Some common `type`s: 

* `d` integer
* `f` floating point
* `%` percent
* `e` exponential format
* `c` character
* `s` string 


In [61]:
# Keep six digits for the whole number, out of which 3 for the decimals
print("Result: |{num:6.3f}|".format(num=100.0/23))

Result: | 4.348|


In [62]:
# Keep six digits for the whole number, out of which 3 for the decimals, with zero padding in front
print("Result: |{num:06.3f}|".format(num=100.0/23))

Result: |04.348|


In [63]:
# Floating point with three decimal digits
print("Result: |{num:.3f}|".format(num=100.0/23))

Result: |4.348|


In [64]:
# Sixteen digits total and four decimal digits, with comma-separated thousands
print("Result: |{num:16,.4f}|".format(num=1000000.0/7))
print("Result: |{num:16,.4f}|".format(num=100.0/7))

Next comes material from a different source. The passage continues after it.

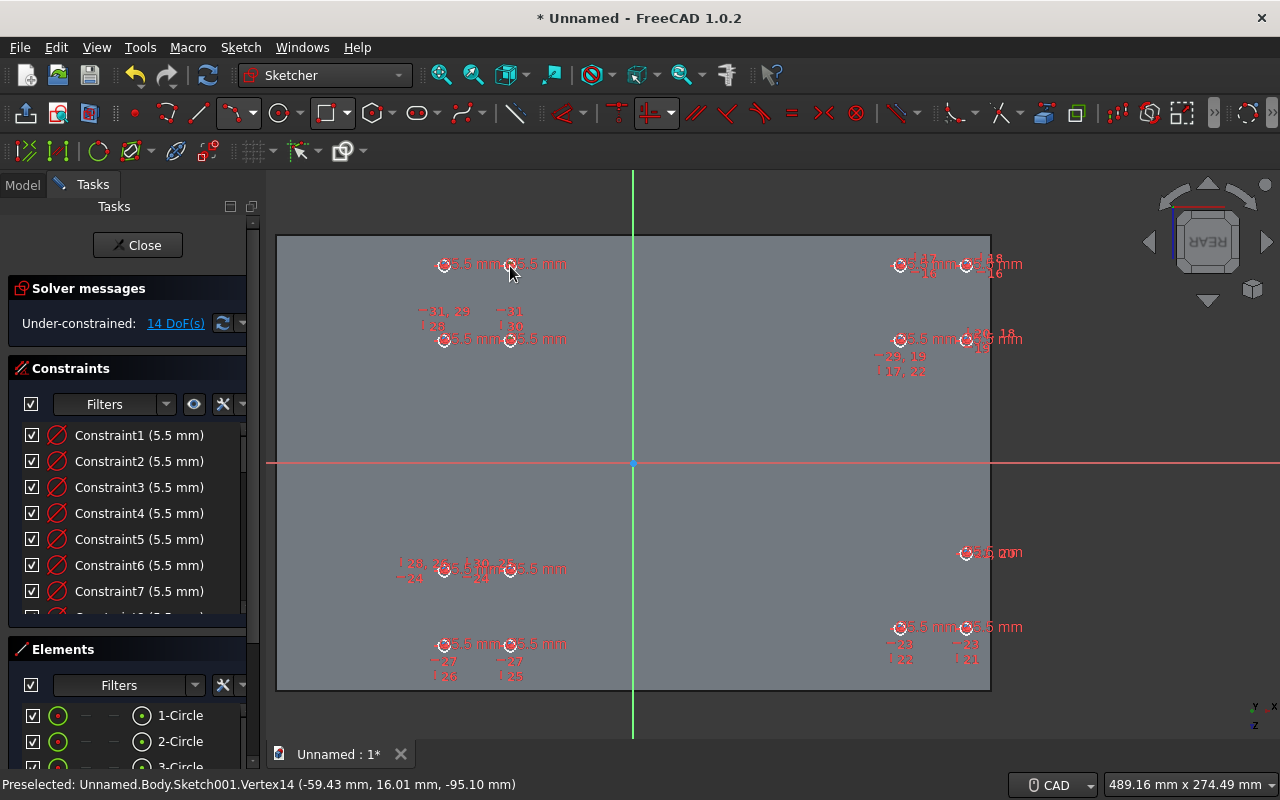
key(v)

Result: |    142,857.1429|
Result: |         14.2857|


In [65]:
# Expressing a percentage:
points = 19
total = 22
print('Correct answers: {:.2%}'.format(points/total))

Correct answers: 86.36%


In [66]:
# alignment
print('|{message:<30}|'.format(message='left aligned'))
print('|{message:>30}|'.format(message='right aligned'))
print('|{message:^30}|'.format(message='centered'))


|left aligned                  |
|                 right aligned|
|           centered           |


In [67]:
# fill
print('|{message:*<80}|'.format(message='left aligned with # chars as fill'))
print('|{message:#>80}|'.format(message='right aligned with # chars as fill'))
print('|{message:#^80}|'.format(message='centered with # chars as fill'))

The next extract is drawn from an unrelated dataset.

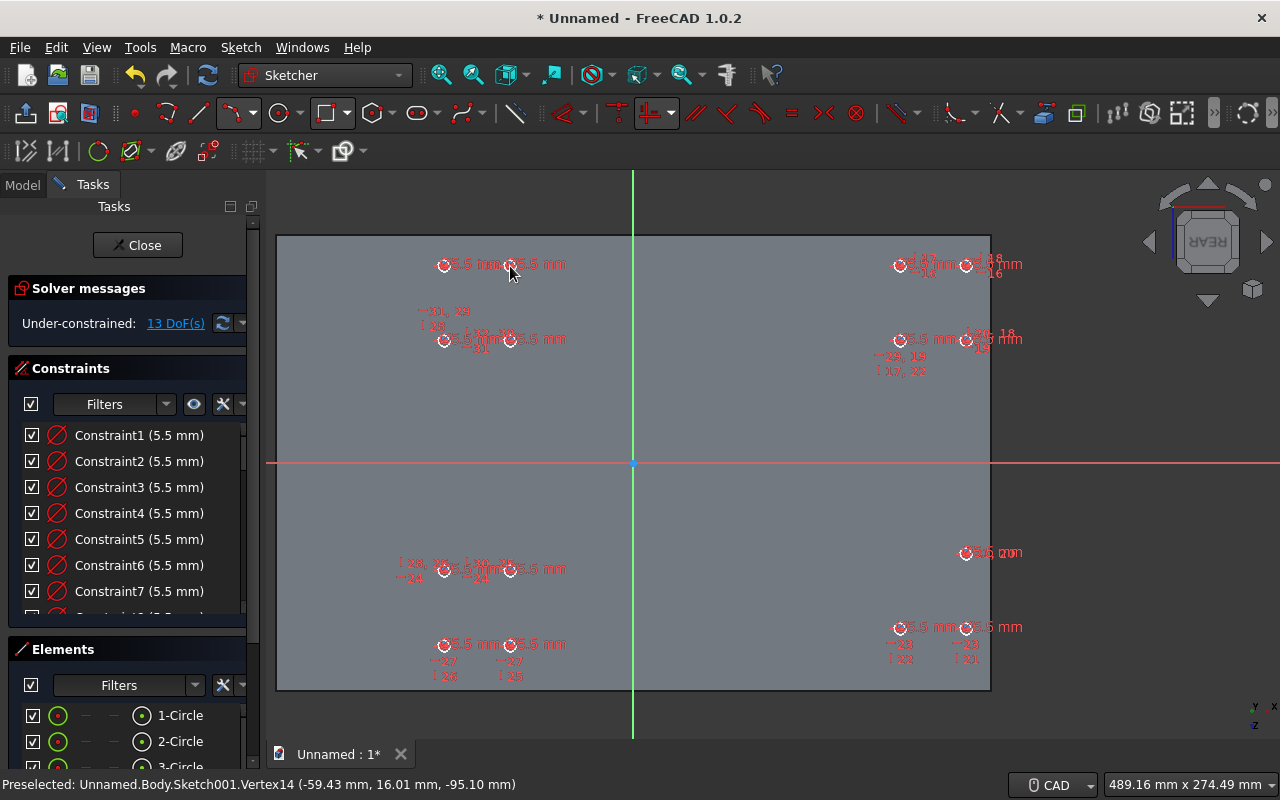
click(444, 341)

|left aligned with # chars as fill***********************************************|
|##############################################right aligned with # chars as fill|
|#########################centered with # chars as fill##########################|


#### Exercise

* Save your name in a variable
* Save the name of our course in a variable
* Print the sentence saying that you are taking this course using .format syntax

In [71]:
# your own code here
name = 'Konstantin Bauman'
cname = 'Data Care Feeding & Cleaning'
print('{instructor} teaches the {course} course.'.format(instructor=name, course=cname))

Konstantin Bauman teaches the Data Care Feeding & Cleaning course.